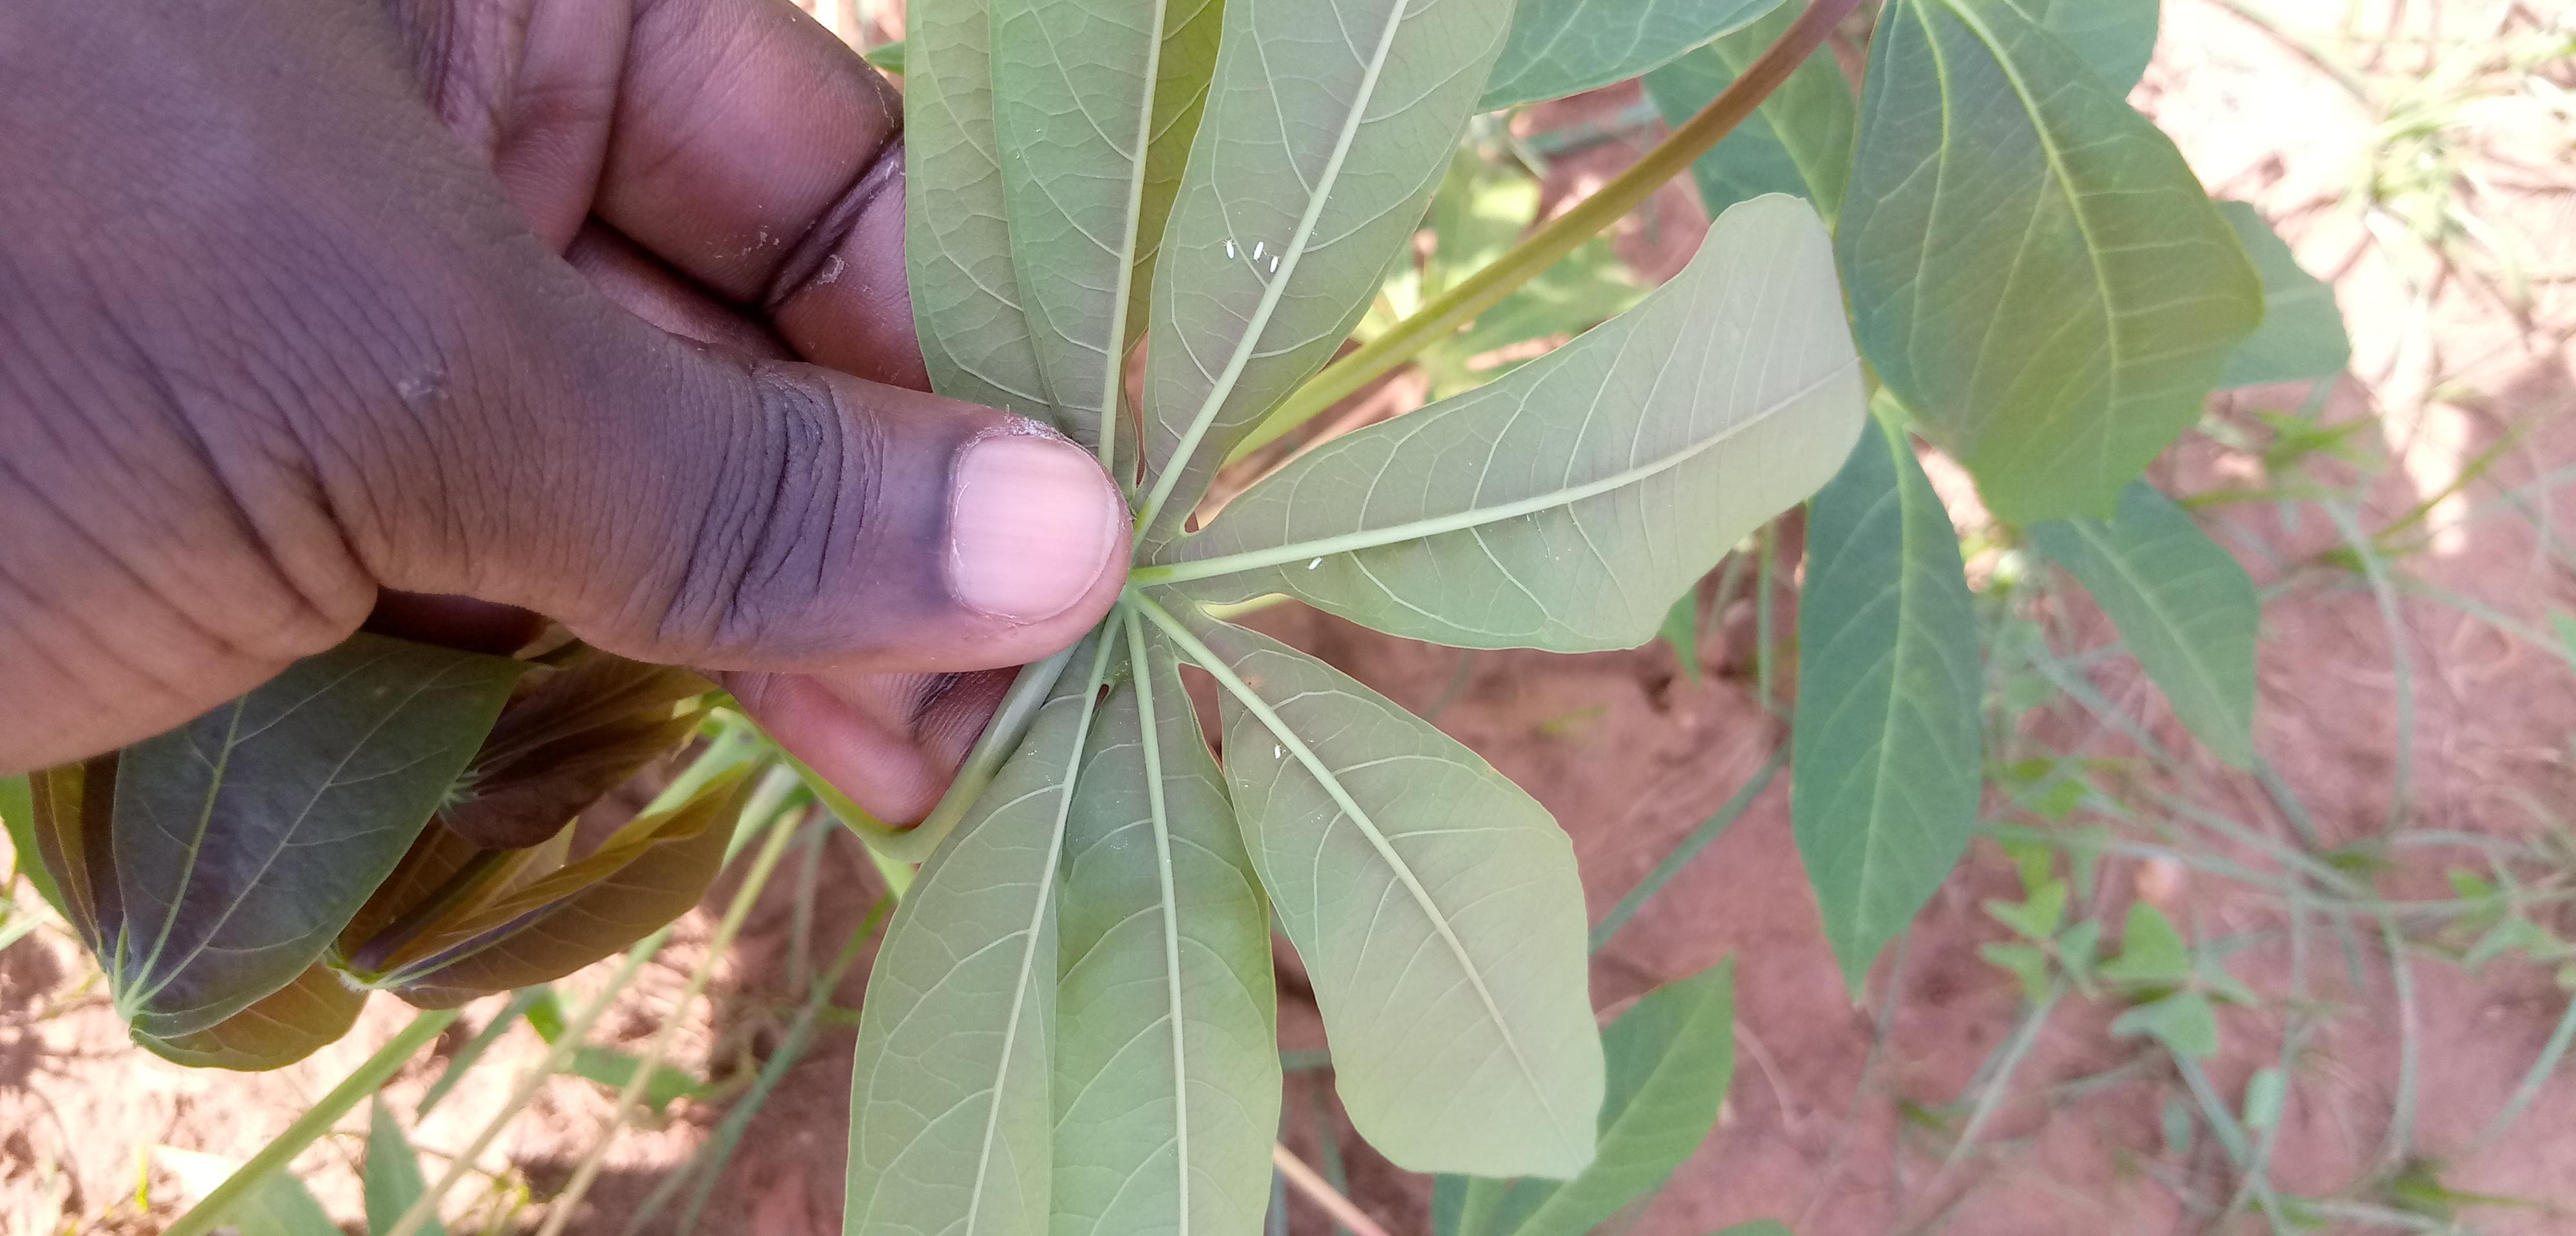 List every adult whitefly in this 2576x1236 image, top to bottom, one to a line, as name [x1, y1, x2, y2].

whitefly [1224, 236, 1236, 259]
whitefly [1251, 239, 1264, 261]
whitefly [1269, 253, 1280, 274]
whitefly [1306, 556, 1323, 570]
whitefly [1273, 742, 1283, 760]
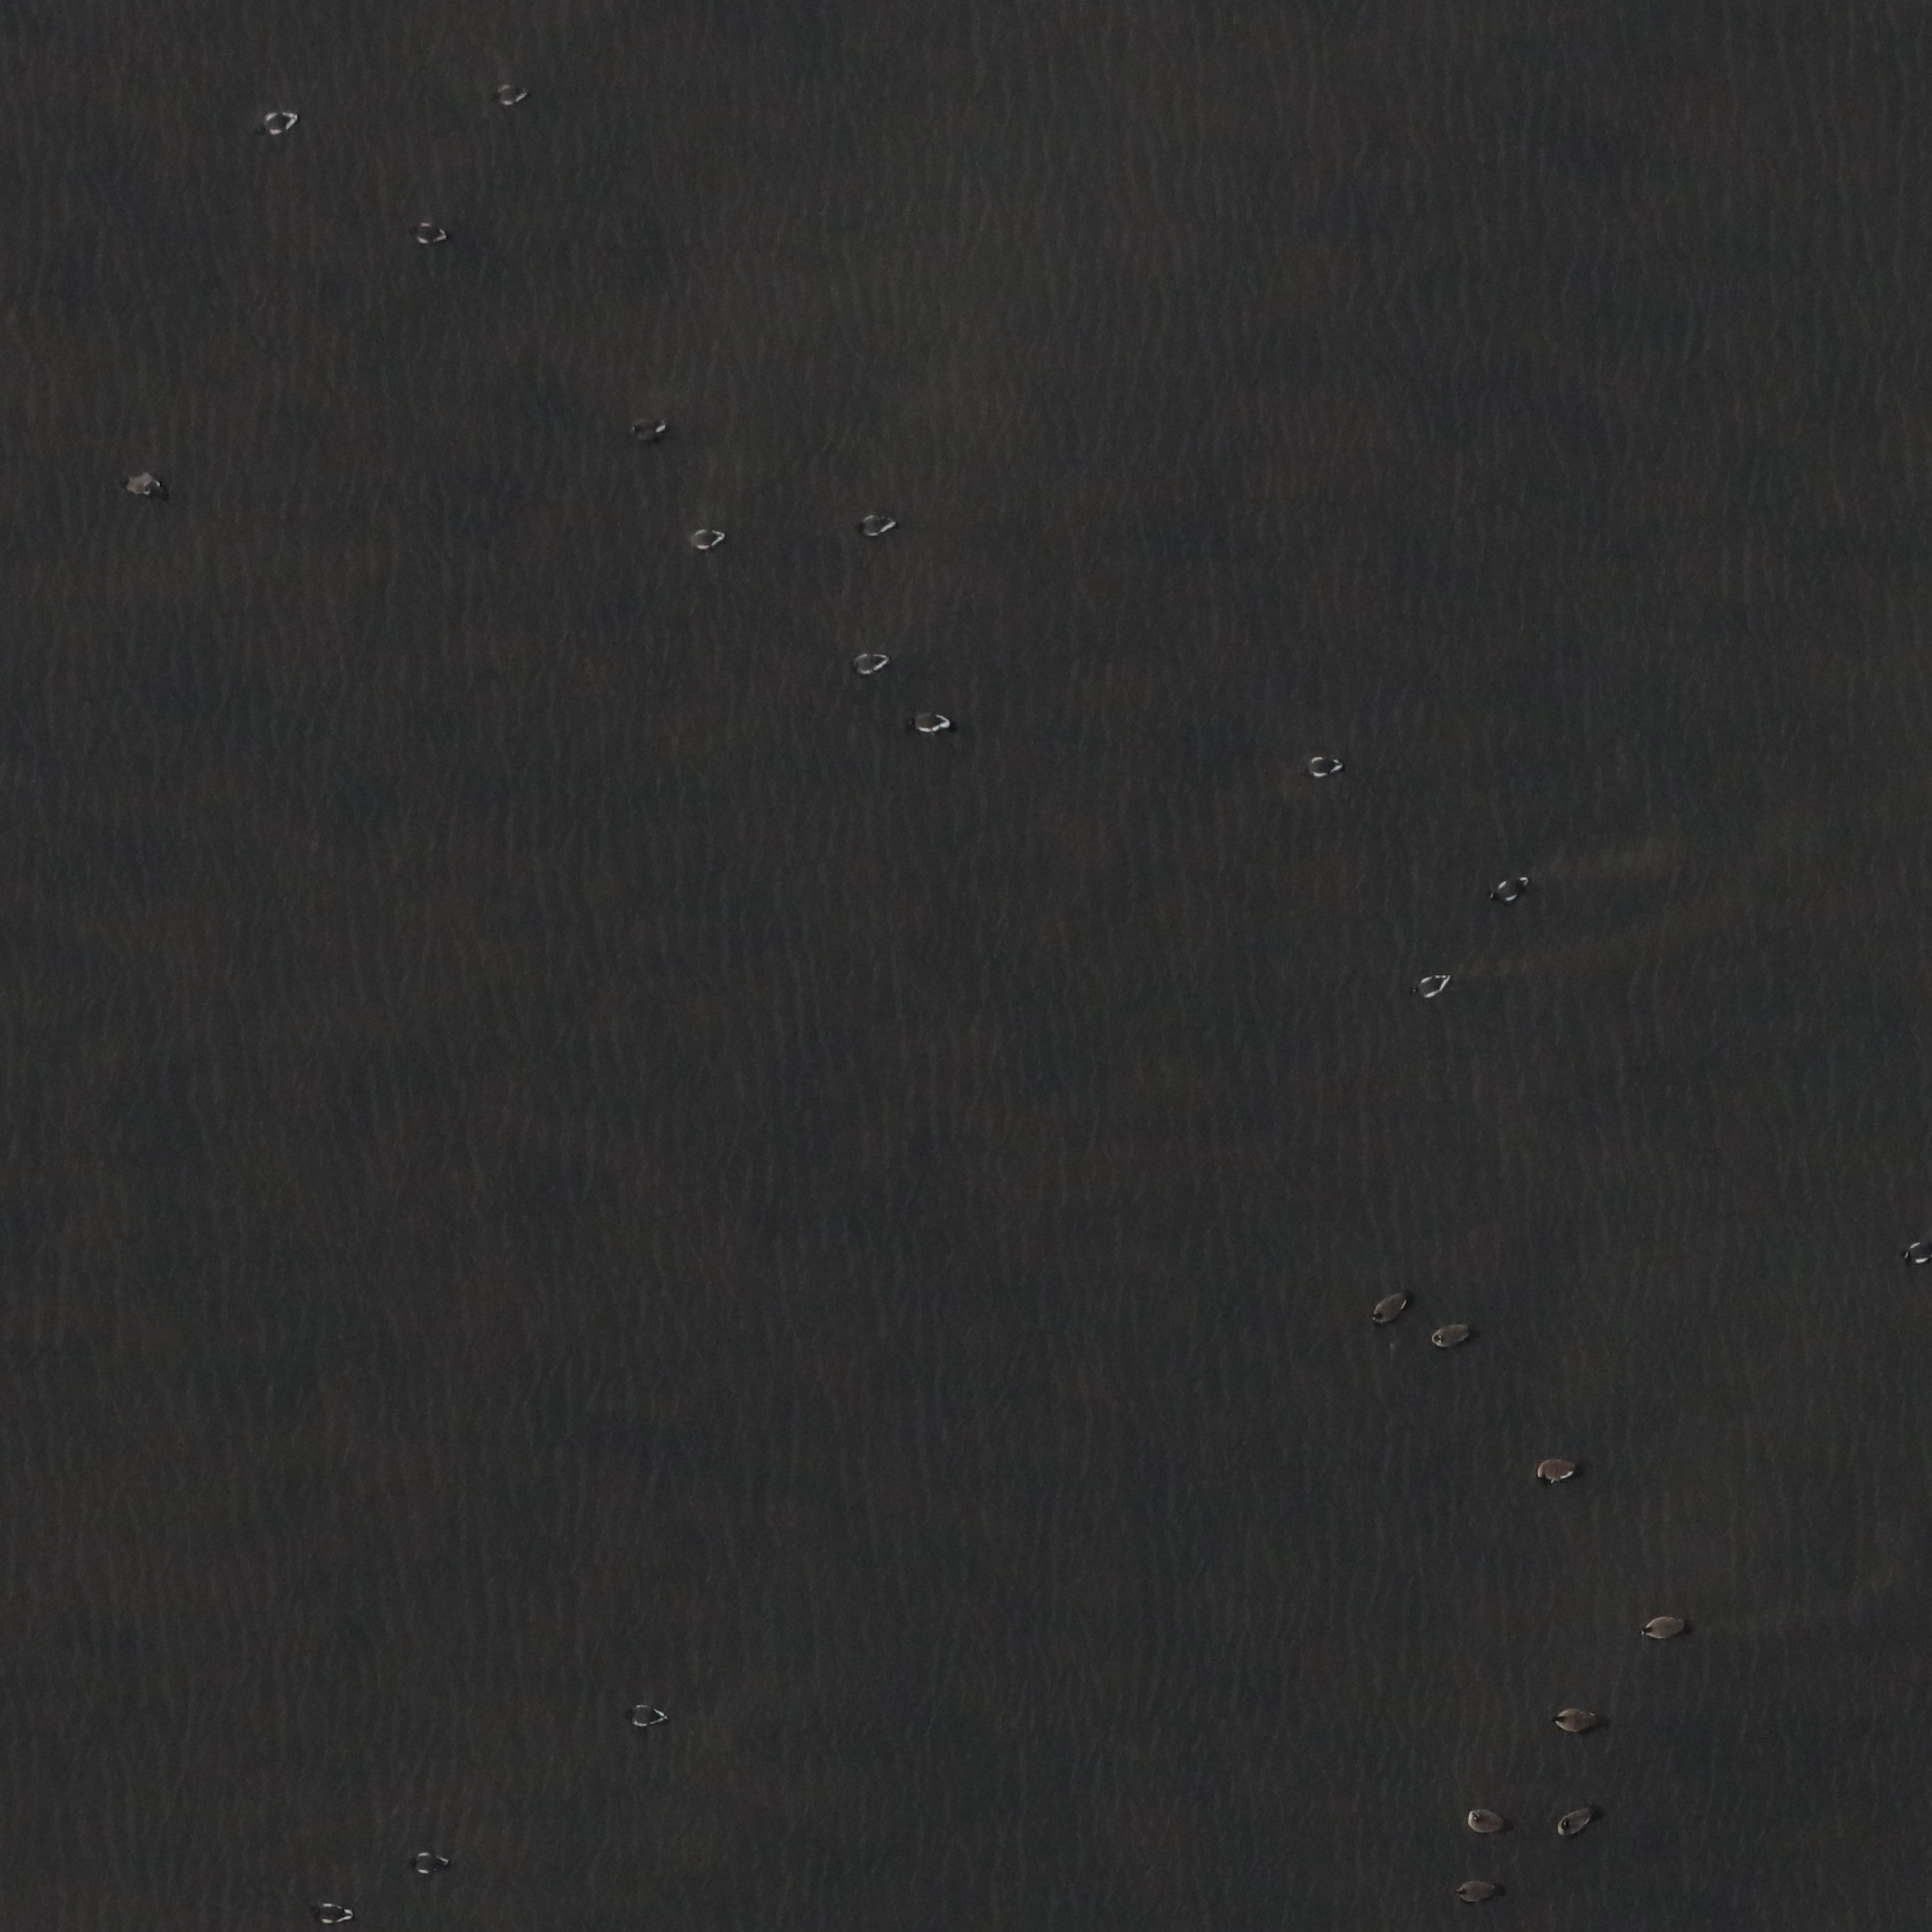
§
Task description: Would you return the records exactly, keeping out every picture?

Completed exercise:
 List every adult whitefly in this 2576x1236 image, top to bottom, one to a line, as name [x1, y1, x2, y2].

whitefly [1224, 236, 1236, 259]
whitefly [1251, 239, 1264, 261]
whitefly [1269, 253, 1280, 274]
whitefly [1306, 556, 1323, 570]
whitefly [1273, 742, 1283, 760]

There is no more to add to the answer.